For anyone who reads about The Outfoxies, plays The Outfoxies, or even just watches gameplay footage of The Outfoxies in 2020 , there's an uncanny resemblance—in concept if not aesthetic—to Super Smash Bros. Both are inspired by fighting games while eschewing some traditions in favor of big stages that mix platforming with fighting filled with lots of random items. Of course, regular Retronauts readers know that Super Smash Bros was a 1999 game released almost four years after The Outfoxies. Was one of Nintendo's most successful franchises inspired by an oddball arcade game? Is the presence of a "Hirokazu Tanaka" in The Outfoxies' "Special Thanks" credits proof a connection exists? Or are the two games so functionally and tonally different that this is all a coincidence? Hirokazu Tanaka is a famously common Japanese name, after all.

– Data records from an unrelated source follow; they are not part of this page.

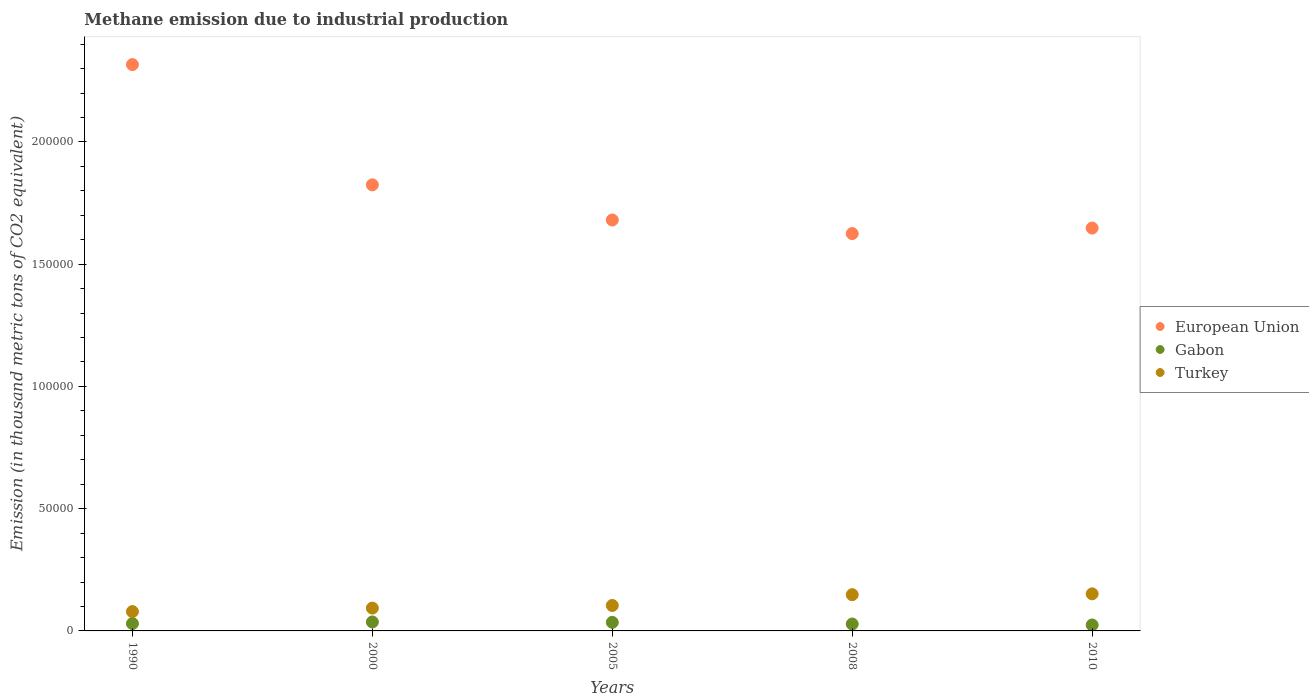How many different coloured dotlines are there?
Provide a succinct answer. 3. Is the number of dotlines equal to the number of legend labels?
Offer a terse response. Yes. What is the amount of methane emitted in European Union in 2008?
Provide a short and direct response. 1.63e+05. Across all years, what is the maximum amount of methane emitted in Gabon?
Offer a very short reply. 3670.7. Across all years, what is the minimum amount of methane emitted in European Union?
Your response must be concise. 1.63e+05. In which year was the amount of methane emitted in Turkey minimum?
Ensure brevity in your answer.  1990. What is the total amount of methane emitted in European Union in the graph?
Provide a succinct answer. 9.09e+05. What is the difference between the amount of methane emitted in Gabon in 2000 and that in 2008?
Give a very brief answer. 842.7. What is the difference between the amount of methane emitted in European Union in 2000 and the amount of methane emitted in Gabon in 2008?
Offer a very short reply. 1.80e+05. What is the average amount of methane emitted in Turkey per year?
Make the answer very short. 1.15e+04. In the year 2008, what is the difference between the amount of methane emitted in Turkey and amount of methane emitted in European Union?
Offer a terse response. -1.48e+05. In how many years, is the amount of methane emitted in European Union greater than 210000 thousand metric tons?
Offer a terse response. 1. What is the ratio of the amount of methane emitted in Gabon in 1990 to that in 2010?
Make the answer very short. 1.23. Is the amount of methane emitted in European Union in 1990 less than that in 2008?
Keep it short and to the point. No. Is the difference between the amount of methane emitted in Turkey in 2000 and 2005 greater than the difference between the amount of methane emitted in European Union in 2000 and 2005?
Provide a short and direct response. No. What is the difference between the highest and the second highest amount of methane emitted in Turkey?
Provide a succinct answer. 343.5. What is the difference between the highest and the lowest amount of methane emitted in Turkey?
Your answer should be compact. 7253.5. Is it the case that in every year, the sum of the amount of methane emitted in European Union and amount of methane emitted in Gabon  is greater than the amount of methane emitted in Turkey?
Give a very brief answer. Yes. Does the amount of methane emitted in European Union monotonically increase over the years?
Offer a terse response. No. Is the amount of methane emitted in Gabon strictly greater than the amount of methane emitted in Turkey over the years?
Provide a short and direct response. No. Is the amount of methane emitted in European Union strictly less than the amount of methane emitted in Gabon over the years?
Provide a succinct answer. No. What is the difference between two consecutive major ticks on the Y-axis?
Give a very brief answer. 5.00e+04. Does the graph contain grids?
Offer a very short reply. No. What is the title of the graph?
Offer a terse response. Methane emission due to industrial production. What is the label or title of the Y-axis?
Your answer should be compact. Emission (in thousand metric tons of CO2 equivalent). What is the Emission (in thousand metric tons of CO2 equivalent) of European Union in 1990?
Provide a succinct answer. 2.32e+05. What is the Emission (in thousand metric tons of CO2 equivalent) in Gabon in 1990?
Keep it short and to the point. 2998.2. What is the Emission (in thousand metric tons of CO2 equivalent) of Turkey in 1990?
Offer a terse response. 7912.1. What is the Emission (in thousand metric tons of CO2 equivalent) in European Union in 2000?
Your response must be concise. 1.82e+05. What is the Emission (in thousand metric tons of CO2 equivalent) of Gabon in 2000?
Your answer should be compact. 3670.7. What is the Emission (in thousand metric tons of CO2 equivalent) in Turkey in 2000?
Make the answer very short. 9337. What is the Emission (in thousand metric tons of CO2 equivalent) of European Union in 2005?
Give a very brief answer. 1.68e+05. What is the Emission (in thousand metric tons of CO2 equivalent) in Gabon in 2005?
Give a very brief answer. 3504.5. What is the Emission (in thousand metric tons of CO2 equivalent) in Turkey in 2005?
Offer a very short reply. 1.04e+04. What is the Emission (in thousand metric tons of CO2 equivalent) of European Union in 2008?
Ensure brevity in your answer.  1.63e+05. What is the Emission (in thousand metric tons of CO2 equivalent) in Gabon in 2008?
Ensure brevity in your answer.  2828. What is the Emission (in thousand metric tons of CO2 equivalent) of Turkey in 2008?
Ensure brevity in your answer.  1.48e+04. What is the Emission (in thousand metric tons of CO2 equivalent) of European Union in 2010?
Make the answer very short. 1.65e+05. What is the Emission (in thousand metric tons of CO2 equivalent) of Gabon in 2010?
Your answer should be very brief. 2434.4. What is the Emission (in thousand metric tons of CO2 equivalent) of Turkey in 2010?
Your answer should be very brief. 1.52e+04. Across all years, what is the maximum Emission (in thousand metric tons of CO2 equivalent) of European Union?
Your response must be concise. 2.32e+05. Across all years, what is the maximum Emission (in thousand metric tons of CO2 equivalent) of Gabon?
Your answer should be very brief. 3670.7. Across all years, what is the maximum Emission (in thousand metric tons of CO2 equivalent) in Turkey?
Your response must be concise. 1.52e+04. Across all years, what is the minimum Emission (in thousand metric tons of CO2 equivalent) of European Union?
Keep it short and to the point. 1.63e+05. Across all years, what is the minimum Emission (in thousand metric tons of CO2 equivalent) of Gabon?
Your answer should be compact. 2434.4. Across all years, what is the minimum Emission (in thousand metric tons of CO2 equivalent) of Turkey?
Make the answer very short. 7912.1. What is the total Emission (in thousand metric tons of CO2 equivalent) in European Union in the graph?
Offer a very short reply. 9.09e+05. What is the total Emission (in thousand metric tons of CO2 equivalent) in Gabon in the graph?
Keep it short and to the point. 1.54e+04. What is the total Emission (in thousand metric tons of CO2 equivalent) of Turkey in the graph?
Provide a short and direct response. 5.76e+04. What is the difference between the Emission (in thousand metric tons of CO2 equivalent) of European Union in 1990 and that in 2000?
Provide a succinct answer. 4.92e+04. What is the difference between the Emission (in thousand metric tons of CO2 equivalent) of Gabon in 1990 and that in 2000?
Provide a succinct answer. -672.5. What is the difference between the Emission (in thousand metric tons of CO2 equivalent) of Turkey in 1990 and that in 2000?
Your response must be concise. -1424.9. What is the difference between the Emission (in thousand metric tons of CO2 equivalent) in European Union in 1990 and that in 2005?
Provide a succinct answer. 6.36e+04. What is the difference between the Emission (in thousand metric tons of CO2 equivalent) of Gabon in 1990 and that in 2005?
Offer a terse response. -506.3. What is the difference between the Emission (in thousand metric tons of CO2 equivalent) of Turkey in 1990 and that in 2005?
Ensure brevity in your answer.  -2494.3. What is the difference between the Emission (in thousand metric tons of CO2 equivalent) of European Union in 1990 and that in 2008?
Give a very brief answer. 6.91e+04. What is the difference between the Emission (in thousand metric tons of CO2 equivalent) of Gabon in 1990 and that in 2008?
Ensure brevity in your answer.  170.2. What is the difference between the Emission (in thousand metric tons of CO2 equivalent) of Turkey in 1990 and that in 2008?
Give a very brief answer. -6910. What is the difference between the Emission (in thousand metric tons of CO2 equivalent) of European Union in 1990 and that in 2010?
Keep it short and to the point. 6.69e+04. What is the difference between the Emission (in thousand metric tons of CO2 equivalent) of Gabon in 1990 and that in 2010?
Make the answer very short. 563.8. What is the difference between the Emission (in thousand metric tons of CO2 equivalent) of Turkey in 1990 and that in 2010?
Make the answer very short. -7253.5. What is the difference between the Emission (in thousand metric tons of CO2 equivalent) in European Union in 2000 and that in 2005?
Your answer should be compact. 1.44e+04. What is the difference between the Emission (in thousand metric tons of CO2 equivalent) of Gabon in 2000 and that in 2005?
Offer a terse response. 166.2. What is the difference between the Emission (in thousand metric tons of CO2 equivalent) in Turkey in 2000 and that in 2005?
Keep it short and to the point. -1069.4. What is the difference between the Emission (in thousand metric tons of CO2 equivalent) of European Union in 2000 and that in 2008?
Your answer should be compact. 1.99e+04. What is the difference between the Emission (in thousand metric tons of CO2 equivalent) of Gabon in 2000 and that in 2008?
Provide a short and direct response. 842.7. What is the difference between the Emission (in thousand metric tons of CO2 equivalent) in Turkey in 2000 and that in 2008?
Provide a short and direct response. -5485.1. What is the difference between the Emission (in thousand metric tons of CO2 equivalent) in European Union in 2000 and that in 2010?
Your answer should be very brief. 1.77e+04. What is the difference between the Emission (in thousand metric tons of CO2 equivalent) of Gabon in 2000 and that in 2010?
Offer a very short reply. 1236.3. What is the difference between the Emission (in thousand metric tons of CO2 equivalent) in Turkey in 2000 and that in 2010?
Provide a short and direct response. -5828.6. What is the difference between the Emission (in thousand metric tons of CO2 equivalent) of European Union in 2005 and that in 2008?
Offer a terse response. 5562. What is the difference between the Emission (in thousand metric tons of CO2 equivalent) of Gabon in 2005 and that in 2008?
Your answer should be compact. 676.5. What is the difference between the Emission (in thousand metric tons of CO2 equivalent) of Turkey in 2005 and that in 2008?
Offer a very short reply. -4415.7. What is the difference between the Emission (in thousand metric tons of CO2 equivalent) in European Union in 2005 and that in 2010?
Ensure brevity in your answer.  3298.2. What is the difference between the Emission (in thousand metric tons of CO2 equivalent) of Gabon in 2005 and that in 2010?
Your answer should be compact. 1070.1. What is the difference between the Emission (in thousand metric tons of CO2 equivalent) of Turkey in 2005 and that in 2010?
Provide a succinct answer. -4759.2. What is the difference between the Emission (in thousand metric tons of CO2 equivalent) in European Union in 2008 and that in 2010?
Your answer should be very brief. -2263.8. What is the difference between the Emission (in thousand metric tons of CO2 equivalent) in Gabon in 2008 and that in 2010?
Give a very brief answer. 393.6. What is the difference between the Emission (in thousand metric tons of CO2 equivalent) of Turkey in 2008 and that in 2010?
Your response must be concise. -343.5. What is the difference between the Emission (in thousand metric tons of CO2 equivalent) of European Union in 1990 and the Emission (in thousand metric tons of CO2 equivalent) of Gabon in 2000?
Your answer should be compact. 2.28e+05. What is the difference between the Emission (in thousand metric tons of CO2 equivalent) in European Union in 1990 and the Emission (in thousand metric tons of CO2 equivalent) in Turkey in 2000?
Offer a very short reply. 2.22e+05. What is the difference between the Emission (in thousand metric tons of CO2 equivalent) of Gabon in 1990 and the Emission (in thousand metric tons of CO2 equivalent) of Turkey in 2000?
Provide a short and direct response. -6338.8. What is the difference between the Emission (in thousand metric tons of CO2 equivalent) of European Union in 1990 and the Emission (in thousand metric tons of CO2 equivalent) of Gabon in 2005?
Offer a terse response. 2.28e+05. What is the difference between the Emission (in thousand metric tons of CO2 equivalent) in European Union in 1990 and the Emission (in thousand metric tons of CO2 equivalent) in Turkey in 2005?
Provide a succinct answer. 2.21e+05. What is the difference between the Emission (in thousand metric tons of CO2 equivalent) in Gabon in 1990 and the Emission (in thousand metric tons of CO2 equivalent) in Turkey in 2005?
Offer a terse response. -7408.2. What is the difference between the Emission (in thousand metric tons of CO2 equivalent) in European Union in 1990 and the Emission (in thousand metric tons of CO2 equivalent) in Gabon in 2008?
Keep it short and to the point. 2.29e+05. What is the difference between the Emission (in thousand metric tons of CO2 equivalent) in European Union in 1990 and the Emission (in thousand metric tons of CO2 equivalent) in Turkey in 2008?
Give a very brief answer. 2.17e+05. What is the difference between the Emission (in thousand metric tons of CO2 equivalent) in Gabon in 1990 and the Emission (in thousand metric tons of CO2 equivalent) in Turkey in 2008?
Provide a succinct answer. -1.18e+04. What is the difference between the Emission (in thousand metric tons of CO2 equivalent) in European Union in 1990 and the Emission (in thousand metric tons of CO2 equivalent) in Gabon in 2010?
Provide a succinct answer. 2.29e+05. What is the difference between the Emission (in thousand metric tons of CO2 equivalent) of European Union in 1990 and the Emission (in thousand metric tons of CO2 equivalent) of Turkey in 2010?
Give a very brief answer. 2.16e+05. What is the difference between the Emission (in thousand metric tons of CO2 equivalent) of Gabon in 1990 and the Emission (in thousand metric tons of CO2 equivalent) of Turkey in 2010?
Your response must be concise. -1.22e+04. What is the difference between the Emission (in thousand metric tons of CO2 equivalent) of European Union in 2000 and the Emission (in thousand metric tons of CO2 equivalent) of Gabon in 2005?
Your answer should be very brief. 1.79e+05. What is the difference between the Emission (in thousand metric tons of CO2 equivalent) in European Union in 2000 and the Emission (in thousand metric tons of CO2 equivalent) in Turkey in 2005?
Offer a very short reply. 1.72e+05. What is the difference between the Emission (in thousand metric tons of CO2 equivalent) of Gabon in 2000 and the Emission (in thousand metric tons of CO2 equivalent) of Turkey in 2005?
Give a very brief answer. -6735.7. What is the difference between the Emission (in thousand metric tons of CO2 equivalent) in European Union in 2000 and the Emission (in thousand metric tons of CO2 equivalent) in Gabon in 2008?
Offer a very short reply. 1.80e+05. What is the difference between the Emission (in thousand metric tons of CO2 equivalent) of European Union in 2000 and the Emission (in thousand metric tons of CO2 equivalent) of Turkey in 2008?
Give a very brief answer. 1.68e+05. What is the difference between the Emission (in thousand metric tons of CO2 equivalent) of Gabon in 2000 and the Emission (in thousand metric tons of CO2 equivalent) of Turkey in 2008?
Your answer should be very brief. -1.12e+04. What is the difference between the Emission (in thousand metric tons of CO2 equivalent) of European Union in 2000 and the Emission (in thousand metric tons of CO2 equivalent) of Gabon in 2010?
Keep it short and to the point. 1.80e+05. What is the difference between the Emission (in thousand metric tons of CO2 equivalent) in European Union in 2000 and the Emission (in thousand metric tons of CO2 equivalent) in Turkey in 2010?
Give a very brief answer. 1.67e+05. What is the difference between the Emission (in thousand metric tons of CO2 equivalent) in Gabon in 2000 and the Emission (in thousand metric tons of CO2 equivalent) in Turkey in 2010?
Your answer should be compact. -1.15e+04. What is the difference between the Emission (in thousand metric tons of CO2 equivalent) of European Union in 2005 and the Emission (in thousand metric tons of CO2 equivalent) of Gabon in 2008?
Ensure brevity in your answer.  1.65e+05. What is the difference between the Emission (in thousand metric tons of CO2 equivalent) in European Union in 2005 and the Emission (in thousand metric tons of CO2 equivalent) in Turkey in 2008?
Provide a short and direct response. 1.53e+05. What is the difference between the Emission (in thousand metric tons of CO2 equivalent) in Gabon in 2005 and the Emission (in thousand metric tons of CO2 equivalent) in Turkey in 2008?
Your answer should be very brief. -1.13e+04. What is the difference between the Emission (in thousand metric tons of CO2 equivalent) in European Union in 2005 and the Emission (in thousand metric tons of CO2 equivalent) in Gabon in 2010?
Offer a terse response. 1.66e+05. What is the difference between the Emission (in thousand metric tons of CO2 equivalent) in European Union in 2005 and the Emission (in thousand metric tons of CO2 equivalent) in Turkey in 2010?
Offer a very short reply. 1.53e+05. What is the difference between the Emission (in thousand metric tons of CO2 equivalent) of Gabon in 2005 and the Emission (in thousand metric tons of CO2 equivalent) of Turkey in 2010?
Offer a very short reply. -1.17e+04. What is the difference between the Emission (in thousand metric tons of CO2 equivalent) in European Union in 2008 and the Emission (in thousand metric tons of CO2 equivalent) in Gabon in 2010?
Your answer should be compact. 1.60e+05. What is the difference between the Emission (in thousand metric tons of CO2 equivalent) in European Union in 2008 and the Emission (in thousand metric tons of CO2 equivalent) in Turkey in 2010?
Your answer should be very brief. 1.47e+05. What is the difference between the Emission (in thousand metric tons of CO2 equivalent) of Gabon in 2008 and the Emission (in thousand metric tons of CO2 equivalent) of Turkey in 2010?
Your answer should be compact. -1.23e+04. What is the average Emission (in thousand metric tons of CO2 equivalent) of European Union per year?
Ensure brevity in your answer.  1.82e+05. What is the average Emission (in thousand metric tons of CO2 equivalent) of Gabon per year?
Keep it short and to the point. 3087.16. What is the average Emission (in thousand metric tons of CO2 equivalent) in Turkey per year?
Your response must be concise. 1.15e+04. In the year 1990, what is the difference between the Emission (in thousand metric tons of CO2 equivalent) of European Union and Emission (in thousand metric tons of CO2 equivalent) of Gabon?
Your answer should be very brief. 2.29e+05. In the year 1990, what is the difference between the Emission (in thousand metric tons of CO2 equivalent) of European Union and Emission (in thousand metric tons of CO2 equivalent) of Turkey?
Your answer should be compact. 2.24e+05. In the year 1990, what is the difference between the Emission (in thousand metric tons of CO2 equivalent) of Gabon and Emission (in thousand metric tons of CO2 equivalent) of Turkey?
Provide a short and direct response. -4913.9. In the year 2000, what is the difference between the Emission (in thousand metric tons of CO2 equivalent) in European Union and Emission (in thousand metric tons of CO2 equivalent) in Gabon?
Make the answer very short. 1.79e+05. In the year 2000, what is the difference between the Emission (in thousand metric tons of CO2 equivalent) in European Union and Emission (in thousand metric tons of CO2 equivalent) in Turkey?
Your response must be concise. 1.73e+05. In the year 2000, what is the difference between the Emission (in thousand metric tons of CO2 equivalent) of Gabon and Emission (in thousand metric tons of CO2 equivalent) of Turkey?
Offer a terse response. -5666.3. In the year 2005, what is the difference between the Emission (in thousand metric tons of CO2 equivalent) of European Union and Emission (in thousand metric tons of CO2 equivalent) of Gabon?
Give a very brief answer. 1.65e+05. In the year 2005, what is the difference between the Emission (in thousand metric tons of CO2 equivalent) in European Union and Emission (in thousand metric tons of CO2 equivalent) in Turkey?
Make the answer very short. 1.58e+05. In the year 2005, what is the difference between the Emission (in thousand metric tons of CO2 equivalent) of Gabon and Emission (in thousand metric tons of CO2 equivalent) of Turkey?
Give a very brief answer. -6901.9. In the year 2008, what is the difference between the Emission (in thousand metric tons of CO2 equivalent) in European Union and Emission (in thousand metric tons of CO2 equivalent) in Gabon?
Make the answer very short. 1.60e+05. In the year 2008, what is the difference between the Emission (in thousand metric tons of CO2 equivalent) of European Union and Emission (in thousand metric tons of CO2 equivalent) of Turkey?
Ensure brevity in your answer.  1.48e+05. In the year 2008, what is the difference between the Emission (in thousand metric tons of CO2 equivalent) in Gabon and Emission (in thousand metric tons of CO2 equivalent) in Turkey?
Your answer should be very brief. -1.20e+04. In the year 2010, what is the difference between the Emission (in thousand metric tons of CO2 equivalent) in European Union and Emission (in thousand metric tons of CO2 equivalent) in Gabon?
Your answer should be very brief. 1.62e+05. In the year 2010, what is the difference between the Emission (in thousand metric tons of CO2 equivalent) of European Union and Emission (in thousand metric tons of CO2 equivalent) of Turkey?
Give a very brief answer. 1.50e+05. In the year 2010, what is the difference between the Emission (in thousand metric tons of CO2 equivalent) in Gabon and Emission (in thousand metric tons of CO2 equivalent) in Turkey?
Ensure brevity in your answer.  -1.27e+04. What is the ratio of the Emission (in thousand metric tons of CO2 equivalent) of European Union in 1990 to that in 2000?
Keep it short and to the point. 1.27. What is the ratio of the Emission (in thousand metric tons of CO2 equivalent) of Gabon in 1990 to that in 2000?
Ensure brevity in your answer.  0.82. What is the ratio of the Emission (in thousand metric tons of CO2 equivalent) of Turkey in 1990 to that in 2000?
Provide a short and direct response. 0.85. What is the ratio of the Emission (in thousand metric tons of CO2 equivalent) of European Union in 1990 to that in 2005?
Your response must be concise. 1.38. What is the ratio of the Emission (in thousand metric tons of CO2 equivalent) in Gabon in 1990 to that in 2005?
Make the answer very short. 0.86. What is the ratio of the Emission (in thousand metric tons of CO2 equivalent) of Turkey in 1990 to that in 2005?
Make the answer very short. 0.76. What is the ratio of the Emission (in thousand metric tons of CO2 equivalent) of European Union in 1990 to that in 2008?
Give a very brief answer. 1.43. What is the ratio of the Emission (in thousand metric tons of CO2 equivalent) in Gabon in 1990 to that in 2008?
Give a very brief answer. 1.06. What is the ratio of the Emission (in thousand metric tons of CO2 equivalent) of Turkey in 1990 to that in 2008?
Give a very brief answer. 0.53. What is the ratio of the Emission (in thousand metric tons of CO2 equivalent) in European Union in 1990 to that in 2010?
Your response must be concise. 1.41. What is the ratio of the Emission (in thousand metric tons of CO2 equivalent) of Gabon in 1990 to that in 2010?
Your response must be concise. 1.23. What is the ratio of the Emission (in thousand metric tons of CO2 equivalent) in Turkey in 1990 to that in 2010?
Ensure brevity in your answer.  0.52. What is the ratio of the Emission (in thousand metric tons of CO2 equivalent) of European Union in 2000 to that in 2005?
Give a very brief answer. 1.09. What is the ratio of the Emission (in thousand metric tons of CO2 equivalent) of Gabon in 2000 to that in 2005?
Your answer should be compact. 1.05. What is the ratio of the Emission (in thousand metric tons of CO2 equivalent) of Turkey in 2000 to that in 2005?
Ensure brevity in your answer.  0.9. What is the ratio of the Emission (in thousand metric tons of CO2 equivalent) of European Union in 2000 to that in 2008?
Provide a short and direct response. 1.12. What is the ratio of the Emission (in thousand metric tons of CO2 equivalent) of Gabon in 2000 to that in 2008?
Provide a short and direct response. 1.3. What is the ratio of the Emission (in thousand metric tons of CO2 equivalent) of Turkey in 2000 to that in 2008?
Ensure brevity in your answer.  0.63. What is the ratio of the Emission (in thousand metric tons of CO2 equivalent) in European Union in 2000 to that in 2010?
Ensure brevity in your answer.  1.11. What is the ratio of the Emission (in thousand metric tons of CO2 equivalent) in Gabon in 2000 to that in 2010?
Your response must be concise. 1.51. What is the ratio of the Emission (in thousand metric tons of CO2 equivalent) in Turkey in 2000 to that in 2010?
Make the answer very short. 0.62. What is the ratio of the Emission (in thousand metric tons of CO2 equivalent) in European Union in 2005 to that in 2008?
Offer a terse response. 1.03. What is the ratio of the Emission (in thousand metric tons of CO2 equivalent) in Gabon in 2005 to that in 2008?
Provide a succinct answer. 1.24. What is the ratio of the Emission (in thousand metric tons of CO2 equivalent) of Turkey in 2005 to that in 2008?
Your answer should be compact. 0.7. What is the ratio of the Emission (in thousand metric tons of CO2 equivalent) in Gabon in 2005 to that in 2010?
Provide a succinct answer. 1.44. What is the ratio of the Emission (in thousand metric tons of CO2 equivalent) in Turkey in 2005 to that in 2010?
Ensure brevity in your answer.  0.69. What is the ratio of the Emission (in thousand metric tons of CO2 equivalent) of European Union in 2008 to that in 2010?
Your answer should be very brief. 0.99. What is the ratio of the Emission (in thousand metric tons of CO2 equivalent) of Gabon in 2008 to that in 2010?
Provide a succinct answer. 1.16. What is the ratio of the Emission (in thousand metric tons of CO2 equivalent) in Turkey in 2008 to that in 2010?
Provide a short and direct response. 0.98. What is the difference between the highest and the second highest Emission (in thousand metric tons of CO2 equivalent) of European Union?
Give a very brief answer. 4.92e+04. What is the difference between the highest and the second highest Emission (in thousand metric tons of CO2 equivalent) in Gabon?
Ensure brevity in your answer.  166.2. What is the difference between the highest and the second highest Emission (in thousand metric tons of CO2 equivalent) in Turkey?
Offer a very short reply. 343.5. What is the difference between the highest and the lowest Emission (in thousand metric tons of CO2 equivalent) of European Union?
Provide a short and direct response. 6.91e+04. What is the difference between the highest and the lowest Emission (in thousand metric tons of CO2 equivalent) in Gabon?
Keep it short and to the point. 1236.3. What is the difference between the highest and the lowest Emission (in thousand metric tons of CO2 equivalent) in Turkey?
Keep it short and to the point. 7253.5.

I'm not here to place pushpins in a corkboard and cry conspiracy. All I know is that when I first happened upon The Outfoxies in a Japanese arcade, it blew my mind that I hadn't seen it sooner. As it turns out, the game didn't have much of an impact in 1995, and no home console version was ever released (despite being announced), giving it a very short legacy outside of emulation fans. Today, googling The Outfoxies brings up a number of articles and videos made by fans of the game recommending it as a ’90s oddity that deserves to be remembered. I wholeheartedly agree to that.

Comments

Literally never heard of this until now. Looks like it could've done well with a home conversion. Great article as always!

I played The Outfoxies a few years ago at Galloping Ghost, and fell I love with the odd concept and aesthetic. The actual game is just okay, but points for creativity!